Assigned task -
Scan the data for "them" and copy the lines it appears in.

Listed entries -
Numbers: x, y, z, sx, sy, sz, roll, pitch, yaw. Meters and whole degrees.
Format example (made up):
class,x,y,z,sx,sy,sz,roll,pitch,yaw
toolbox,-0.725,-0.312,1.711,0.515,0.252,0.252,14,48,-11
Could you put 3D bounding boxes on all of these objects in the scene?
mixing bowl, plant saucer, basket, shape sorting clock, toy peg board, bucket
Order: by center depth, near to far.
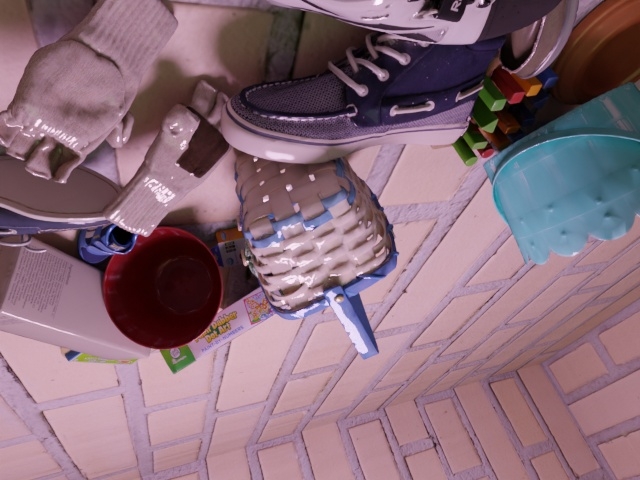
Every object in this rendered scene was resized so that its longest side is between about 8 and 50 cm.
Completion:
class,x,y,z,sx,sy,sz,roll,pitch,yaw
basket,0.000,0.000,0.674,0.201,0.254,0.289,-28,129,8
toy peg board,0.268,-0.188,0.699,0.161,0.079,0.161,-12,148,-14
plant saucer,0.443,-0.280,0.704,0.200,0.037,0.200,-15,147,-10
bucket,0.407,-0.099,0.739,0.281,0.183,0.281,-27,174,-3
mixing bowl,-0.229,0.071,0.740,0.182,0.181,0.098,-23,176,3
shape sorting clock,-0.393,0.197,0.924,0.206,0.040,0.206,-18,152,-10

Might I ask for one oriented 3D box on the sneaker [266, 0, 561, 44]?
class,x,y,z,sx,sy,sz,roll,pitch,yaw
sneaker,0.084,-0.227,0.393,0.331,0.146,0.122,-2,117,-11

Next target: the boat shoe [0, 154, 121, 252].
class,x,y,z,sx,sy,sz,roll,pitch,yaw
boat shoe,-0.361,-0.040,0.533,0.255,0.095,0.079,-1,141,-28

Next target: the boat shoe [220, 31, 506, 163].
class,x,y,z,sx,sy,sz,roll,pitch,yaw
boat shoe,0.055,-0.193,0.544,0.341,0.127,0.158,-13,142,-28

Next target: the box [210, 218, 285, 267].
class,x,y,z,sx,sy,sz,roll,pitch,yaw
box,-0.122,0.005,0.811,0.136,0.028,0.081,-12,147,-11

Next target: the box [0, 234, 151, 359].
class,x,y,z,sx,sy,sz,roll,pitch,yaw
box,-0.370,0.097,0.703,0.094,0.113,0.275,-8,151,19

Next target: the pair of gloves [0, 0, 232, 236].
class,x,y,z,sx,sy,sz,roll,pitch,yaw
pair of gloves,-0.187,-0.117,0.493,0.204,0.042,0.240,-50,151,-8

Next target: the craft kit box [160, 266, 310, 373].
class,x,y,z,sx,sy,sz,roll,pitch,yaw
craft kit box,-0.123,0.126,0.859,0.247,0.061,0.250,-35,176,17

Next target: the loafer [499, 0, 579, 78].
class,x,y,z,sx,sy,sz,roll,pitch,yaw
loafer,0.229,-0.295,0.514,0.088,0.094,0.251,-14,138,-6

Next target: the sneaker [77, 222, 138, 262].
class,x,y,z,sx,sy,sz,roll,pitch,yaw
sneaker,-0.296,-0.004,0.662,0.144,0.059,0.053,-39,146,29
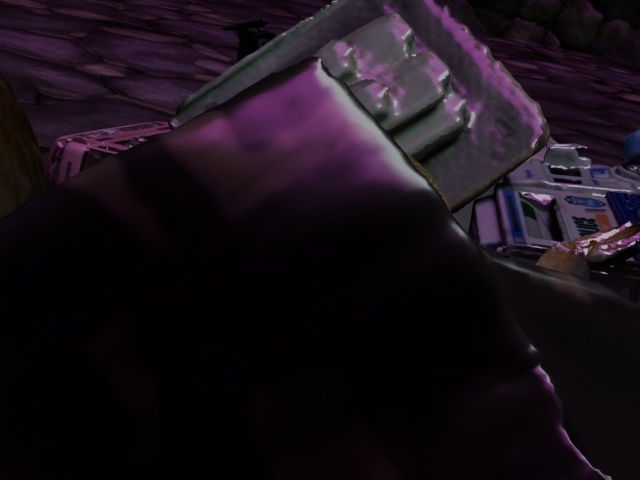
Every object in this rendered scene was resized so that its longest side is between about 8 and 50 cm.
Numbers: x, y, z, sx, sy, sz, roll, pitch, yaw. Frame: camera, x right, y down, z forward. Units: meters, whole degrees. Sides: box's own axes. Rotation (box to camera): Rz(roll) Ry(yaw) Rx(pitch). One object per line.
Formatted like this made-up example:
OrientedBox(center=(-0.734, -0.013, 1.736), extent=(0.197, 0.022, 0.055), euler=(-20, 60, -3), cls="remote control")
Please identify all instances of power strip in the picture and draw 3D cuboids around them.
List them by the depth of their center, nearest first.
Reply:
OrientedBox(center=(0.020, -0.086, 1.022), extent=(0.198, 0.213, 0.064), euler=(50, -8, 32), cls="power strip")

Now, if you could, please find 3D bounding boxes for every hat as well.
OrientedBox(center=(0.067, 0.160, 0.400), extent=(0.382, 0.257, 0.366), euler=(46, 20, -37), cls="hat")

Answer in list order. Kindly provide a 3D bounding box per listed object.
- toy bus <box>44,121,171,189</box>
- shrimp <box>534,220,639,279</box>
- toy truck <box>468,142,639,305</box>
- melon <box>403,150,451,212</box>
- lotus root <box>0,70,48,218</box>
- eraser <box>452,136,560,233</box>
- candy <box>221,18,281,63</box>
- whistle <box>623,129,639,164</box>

Result -
Please identify all instances of power strip in the picture and draw 3D cuboids around them.
List them by the depth of their center, nearest first.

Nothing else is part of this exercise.